After killing off TV shows and a video game company, Disney decided to take a break from slowly ruining the “Star Wars” license without even releasing a movie. They returned in 2014 to declare that the “Star Wars” Expanded Universe would be considered non-canon going forward. Leland Chee, a member of the then newly-formed Lucasfilm Story Group, released information via Twitter about what the plan was for the “Star Wars” canon:

“’Star Wars’ Canon is now determined by the Lucasfilm Story Group which [Pablo Hidalgo] and I are both a part of. Story Group has a hand in all facets of Star Wars storytelling, including movies, TV, games, and publishing. More so than ever, the canon field will serve us internally simply for classification rather than setting hierarchy. [Disposing of the hierarchy and having one cohesive canon is] definitely a primary goal of the Story Group.”

It makes sense that they would want to make sure that the “Star Wars” universe had a unified story with no continuity errors, but this did not have to happen at the expense of tons of great novels, games and comic books. Even as a causal fan I was upset at this because I had hoped to see something like the “Force Unleashed” games turned into a movie one day, but Disney saw fit to make sure that didn’t happen. Instead, they decided to make an entire trilogy of films with no sense of direction or consistency.

“Star Wars: The Force Awakens” was Disney’s first attempt at a “Star Wars” movie and it was just an okay movie that relied too heavily on the nostalgia people have for the original trilogy. Its sequel, “The Last Jedi,” opened the floodgates for internet toxicity from people who loved the film and people who hated it. It was a movie that seemed to ignore everything that the previous movie had set up, all for the sake of doing something different. I wasn’t a huge fan of “Force Awakens” but it at least set up some interesting things to look forward to in the future.

It left me wondering who Rey’s parents were, who Snoke was and where the First Order came from. What did “The Last Jedi” do? Reject all of that. Rey’s parents? They don’t matter. Supreme Leader Snoke? He dies out of nowhere with no new info revealed about him. I immediately lost interest in the main “Star Wars” films after “Last Jedi.” Instead I turned my interest to the fantastic “Rogue One: A Star Wars Story” with its dark and gritty tone and ability to not only do something different but to do something that’s actually good. “The Mandalorian” on Disney Plus is also a great show that’s similar to “Rogue One” in tone, but manages to evoke the atmosphere of the Western.

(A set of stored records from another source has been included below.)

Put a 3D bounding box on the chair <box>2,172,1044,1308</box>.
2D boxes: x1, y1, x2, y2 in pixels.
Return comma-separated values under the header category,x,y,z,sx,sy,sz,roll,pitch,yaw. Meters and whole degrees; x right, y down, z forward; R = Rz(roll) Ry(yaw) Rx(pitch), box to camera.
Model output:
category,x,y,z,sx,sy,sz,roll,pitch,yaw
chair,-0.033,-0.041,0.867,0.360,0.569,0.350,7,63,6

Disney should be releasing movies like “Rogue One” and “The Mandalorian” because they are more liked than the new trilogy that they have released, especially the newest one, “The Rise of the Skywalker.” This movie has managed to upset just about any fans that remain. It retcons something and then never explains it. There are so many things in the movie that serve no purpose other than to pander to some portion of the fanbase. The problem is that they tried to please so many people that they ended up pleasing no one. The future of “Star Wars” movies is unknown now since they have decided to stop with spin-off movies since the Han Solo movie flopped.

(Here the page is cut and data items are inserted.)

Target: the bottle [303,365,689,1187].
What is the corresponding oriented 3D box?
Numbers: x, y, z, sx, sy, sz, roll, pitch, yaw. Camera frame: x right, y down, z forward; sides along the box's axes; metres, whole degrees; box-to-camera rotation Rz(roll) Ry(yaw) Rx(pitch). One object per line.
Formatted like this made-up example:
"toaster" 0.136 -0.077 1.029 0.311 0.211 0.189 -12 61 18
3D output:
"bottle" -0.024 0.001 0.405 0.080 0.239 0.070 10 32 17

The next film is set to arrive in 2022 and what I believe they should do is adapt stories from the Expanded Universe and turn them into movies. They should just copy the Marvel Cinematic Universe and have phases for the films and have them build up to a film like “Avengers: Endgame.” If they don’t then they should have a trilogy directed by one director instead of two so that there is an actual vision for the films. If the films end up being worse than the current trilogy, then I guess I’ll become a “Star Trek” fan. Beam me up, Scotty.